Rabu, 16 May 2018 20:45 | editor : Bayu Saksono

MENGGILA: Sekoci milik Hanafi karam di sekitar perairan TPI Satelit, Desa Tembokrejo, Kecamatan Muncar, kemarin (15/5).

MENGGILA: Sekoci milik Hanafi karam di sekitar perairan TPI Satelit, Desa Tembokrejo, Kecamatan Muncar, kemarin (15/5). (BAGUS RIO/JPRG)

MUNCAR - Ombak tinggi disertai angin besar, melanda kawasan perairan Muncar, kemarin (15/5). Sejumlah perahu milik nelayan, banyak yang karam. Untungnya tidak sampai ada korban. Para nelayan, kini harus siaga menjaga perahunya.

Salah satu perahu yang karam akibat diterjang ombak dan angin besar itu, milik Hanafi, 40, warga Dusun/Desa Kedungringin, Kecamatan Muncar. Perahu jenis sekoci yang diparkir di sekitar Pelabuhan Satelit, Desa Tembokrejo, Kecamatan Muncar, nyaris tenggelam. "Ombak tinggi dan angin besar," terang Hanafi.

Menurut Hanafi, perahu jenis sekoci miliknya mulai karam sekitar pukul 09.00. Saat itu, ombak sedang menggila yang disertai angin kencang. "Juga sedang turun hujan," katanya pada Jawa Pos Radar Genteng.

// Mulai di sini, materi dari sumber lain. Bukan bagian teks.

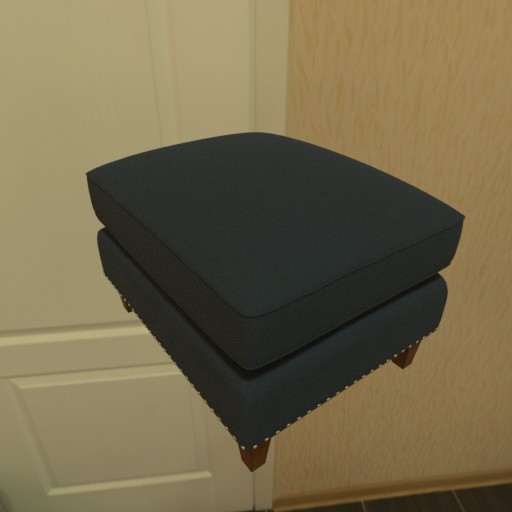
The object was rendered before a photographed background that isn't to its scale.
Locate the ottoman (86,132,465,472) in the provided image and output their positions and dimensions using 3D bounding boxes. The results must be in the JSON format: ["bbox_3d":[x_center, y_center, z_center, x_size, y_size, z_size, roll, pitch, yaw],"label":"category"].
[{"bbox_3d":[0.000,0.000,1.123,0.584,0.513,0.741,-21,37,-30],"label":"ottoman"}]

Ketua Pokmaswas Pelabuhan TPI Satelit, Desa Tembokrejo, Tukimin, mengatakan saat ini cuaca yang ada di sekitar perairan Muncar sedang tidak bersahabat. Para nelayan, banyak yang mengamankan perahunya. "Nelayan menarik perahunya ke daratan," ujarnya.

Tukimin menyebut, tidak semua nelayan sempat menyelamatkan perahunya. Sehingga, ada yang karam dan nyaris tenggelam. "Di antara perahu yang hampir tenggelam itu miliknya Pak Hanafi," ungkapnya.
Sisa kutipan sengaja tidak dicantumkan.